Below is a listing from which only part is wanted; return exactly the lines from the one with "Answer in list" up to and including the one with "remote control: (0.718, -0.382, 2.271);".

▶ _GIVEN RECORDS_:
==*==

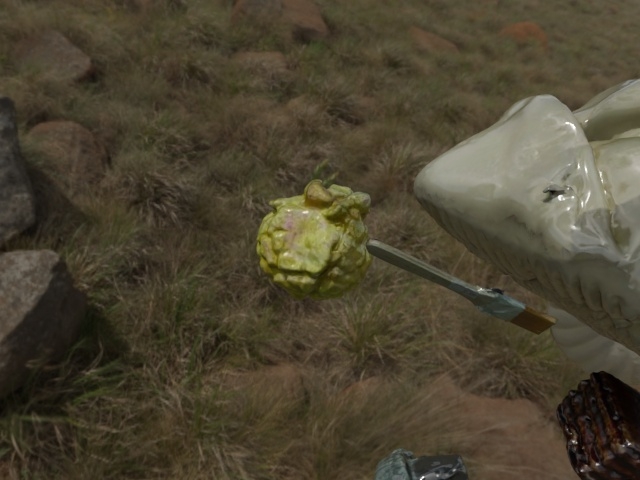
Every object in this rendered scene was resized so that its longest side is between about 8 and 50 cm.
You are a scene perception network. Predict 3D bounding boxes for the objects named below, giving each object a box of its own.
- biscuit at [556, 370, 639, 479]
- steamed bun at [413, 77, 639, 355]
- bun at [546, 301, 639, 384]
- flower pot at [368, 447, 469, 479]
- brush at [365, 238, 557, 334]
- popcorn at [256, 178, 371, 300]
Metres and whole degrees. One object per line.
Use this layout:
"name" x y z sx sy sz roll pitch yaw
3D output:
"biscuit" 0.420 0.273 0.511 0.388 0.073 0.107 31 29 -2
"steamed bun" 0.329 -0.033 0.558 0.342 0.255 0.367 31 6 -41
"bun" 0.548 0.132 0.917 0.263 0.263 0.175 37 7 24
"flower pot" 0.118 0.467 0.778 0.282 0.299 0.299 -22 39 7
"brush" 0.229 0.077 0.866 0.336 0.085 0.020 25 66 6
"popcorn" 0.000 0.000 1.033 0.259 0.259 0.212 26 -2 10
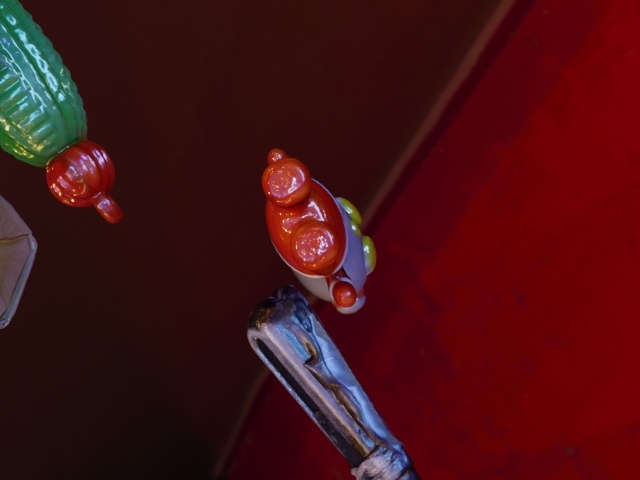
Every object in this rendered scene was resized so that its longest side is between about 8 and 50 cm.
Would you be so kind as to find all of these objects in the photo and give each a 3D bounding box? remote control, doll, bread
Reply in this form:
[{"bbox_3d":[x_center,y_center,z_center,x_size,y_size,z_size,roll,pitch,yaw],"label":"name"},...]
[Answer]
[{"bbox_3d":[0.014,0.169,1.134,0.266,0.066,0.090,55,163,7],"label":"remote control"},{"bbox_3d":[0.000,0.000,0.944,0.245,0.076,0.142,45,-159,-76],"label":"doll"},{"bbox_3d":[-0.524,0.021,1.633,0.109,0.210,0.192,-17,135,22],"label":"bread"}]

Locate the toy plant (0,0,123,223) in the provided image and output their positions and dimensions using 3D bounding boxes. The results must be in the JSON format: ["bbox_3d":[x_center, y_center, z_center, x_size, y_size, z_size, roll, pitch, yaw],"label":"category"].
[{"bbox_3d":[-0.243,-0.122,0.913,0.240,0.088,0.154,52,179,-21],"label":"toy plant"}]
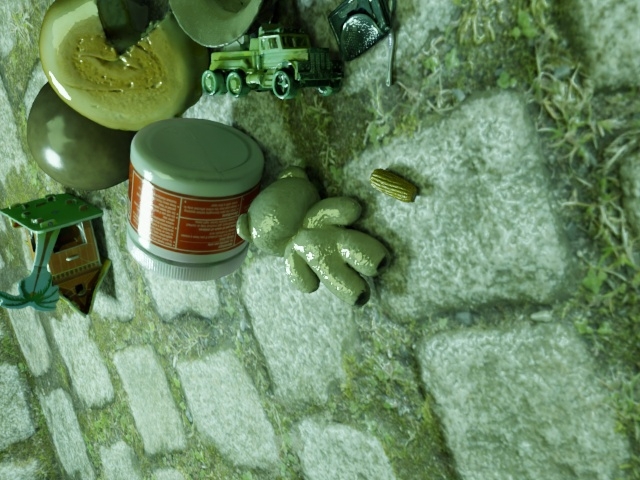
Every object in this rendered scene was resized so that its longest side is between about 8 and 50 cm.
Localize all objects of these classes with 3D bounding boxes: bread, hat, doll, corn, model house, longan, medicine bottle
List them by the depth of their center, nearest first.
[{"bbox_3d":[0.117,-0.089,1.128,0.092,0.037,0.037,31,127,34],"label":"corn"},{"bbox_3d":[-0.129,-0.449,1.149,0.257,0.130,0.257,13,110,40],"label":"hat"},{"bbox_3d":[-0.002,0.004,1.256,0.278,0.175,0.149,38,169,22],"label":"doll"},{"bbox_3d":[-0.251,-0.085,1.378,0.252,0.252,0.241,39,130,32],"label":"medicine bottle"},{"bbox_3d":[-0.392,-0.371,1.415,0.160,0.332,0.333,-86,10,-55],"label":"bread"},{"bbox_3d":[-0.535,-0.257,1.628,0.297,0.297,0.297,22,120,42],"label":"longan"},{"bbox_3d":[-0.804,0.070,2.012,0.300,0.340,0.324,18,122,45],"label":"model house"}]

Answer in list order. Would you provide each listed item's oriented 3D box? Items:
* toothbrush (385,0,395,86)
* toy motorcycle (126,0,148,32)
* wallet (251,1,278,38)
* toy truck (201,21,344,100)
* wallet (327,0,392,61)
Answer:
[{"bbox_3d":[0.107,-0.302,1.072,0.011,0.013,0.131,25,124,43],"label":"toothbrush"},{"bbox_3d":[-0.459,-0.547,1.525,0.222,0.107,0.341,-22,76,29],"label":"toy motorcycle"},{"bbox_3d":[-0.178,-0.521,1.287,0.323,0.041,0.247,42,131,28],"label":"wallet"},{"bbox_3d":[-0.088,-0.313,1.202,0.259,0.128,0.135,19,114,43],"label":"toy truck"},{"bbox_3d":[0.058,-0.340,1.092,0.129,0.026,0.088,-20,89,58],"label":"wallet"}]
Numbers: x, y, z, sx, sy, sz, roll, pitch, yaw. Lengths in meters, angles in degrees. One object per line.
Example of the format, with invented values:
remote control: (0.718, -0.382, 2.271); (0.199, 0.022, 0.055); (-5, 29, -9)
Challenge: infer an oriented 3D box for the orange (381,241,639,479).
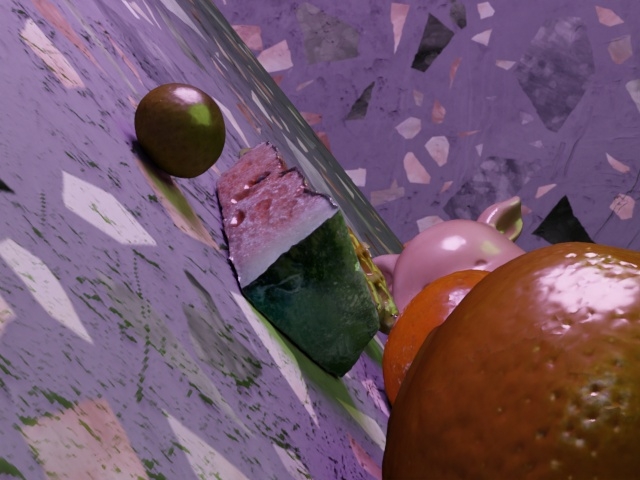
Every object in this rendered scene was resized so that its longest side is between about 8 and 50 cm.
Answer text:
orange: (0.154, 0.123, 0.716); (0.196, 0.263, 0.334); (37, 9, 20)

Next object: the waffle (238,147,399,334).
waffle: (0.000, 0.000, 1.162); (0.208, 0.054, 0.214); (43, 13, -37)

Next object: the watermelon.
watermelon: (-0.027, -0.002, 0.934); (0.154, 0.094, 0.241); (56, 0, -39)

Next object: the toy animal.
toy animal: (0.208, 0.110, 1.393); (0.269, 0.237, 0.326); (65, 6, 22)

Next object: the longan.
longan: (-0.110, -0.082, 0.842); (0.075, 0.075, 0.083); (53, -34, 9)

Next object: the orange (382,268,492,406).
orange: (0.158, 0.139, 1.033); (0.224, 0.170, 0.224); (34, 31, -24)

==*==

▶ _TASK ANSWER_:
Answer in list order. Would you provide each listed item's oriented 3D box? Items:
* toothbrush (385,0,395,86)
* toy motorcycle (126,0,148,32)
* wallet (251,1,278,38)
* toy truck (201,21,344,100)
* wallet (327,0,392,61)
Answer:
[{"bbox_3d":[0.107,-0.302,1.072,0.011,0.013,0.131,25,124,43],"label":"toothbrush"},{"bbox_3d":[-0.459,-0.547,1.525,0.222,0.107,0.341,-22,76,29],"label":"toy motorcycle"},{"bbox_3d":[-0.178,-0.521,1.287,0.323,0.041,0.247,42,131,28],"label":"wallet"},{"bbox_3d":[-0.088,-0.313,1.202,0.259,0.128,0.135,19,114,43],"label":"toy truck"},{"bbox_3d":[0.058,-0.340,1.092,0.129,0.026,0.088,-20,89,58],"label":"wallet"}]
Numbers: x, y, z, sx, sy, sz, roll, pitch, yaw. Lengths in meters, angles in degrees. One object per line.
Example of the format, with invented values:
remote control: (0.718, -0.382, 2.271); (0.199, 0.022, 0.055); (-5, 29, -9)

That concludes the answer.